Why get personal loan?
A personal loan is typically an unsecured loan, which means that the lender does not require collateral—a home or a car, for example—to borrow money. However, with unsecured loans, the lender is taking a greater risk and will most likely charge a higher interest rate compared to a secured loan. Just how high your rate will be can depend on a number of factors, including your credit score and debt-to-income ratio.
Some banks offer secured personal loans, and the collateral can be your bank account, car, or other property. A secured personal loan may be easier to qualify for and carry a somewhat lower interest rate than an unsecured one. As with any other secured loan, you may lose your collateral if you are unable to keep up with the payments.
Even with an unsecured personal loan, failing to make timely payments can be harmful to your credit score and severely limit your ability to obtain credit in the future. FICO, the company behind the most widely used credit score, says that your payment history is the single most important factor in its formula, accounting for 35% of your credit score.
Before you opt for a personal loan, you'll want to consider whether there may be less expensive options for you to borrow money.
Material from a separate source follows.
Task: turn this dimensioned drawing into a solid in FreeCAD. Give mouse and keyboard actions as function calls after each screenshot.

Some reasons for choosing a personal loan are:
You might also consider a personal loan if you need to borrow for a fairly short and well-defined period of time. Personal loans typically run from 12 to 60 months. So, for example, if you have a lump sum of money due to you in two years but not enough cash flow in the meantime, a two-year personal loan could be a way to bridge that gap.
Here are five more examples of when a personal loan might make sense.
If you owe a substantial balance on one or more high-interest-rate credit cards, taking out a personal loan to pay them off could save you money. For example, the average interest rate on a credit card is 23.24%, while the average rate on a personal loan is 10.71%. That difference should allow you to pay the balance down faster and pay less interest in total. Plus, it's easier to pay off a single debt obligation rather than multiple ones.
However, a personal loan is not your only option. Instead, you might be able to transfer your balances to a new credit card with a lower interest rate, if you qualify. Some balance transfer offers even waive the interest for a promotional period of six months or more.
Though a personal loan is more expensive than other types of loans, it isn't necessarily the most expensive. If you have a payday loan, for example, it's likely to carry a much higher interest rate than a personal loan from a bank. Similarly, if you have an older personal loan with a higher interest rate than you would qualify for today, replacing it with a new loan could save you some money.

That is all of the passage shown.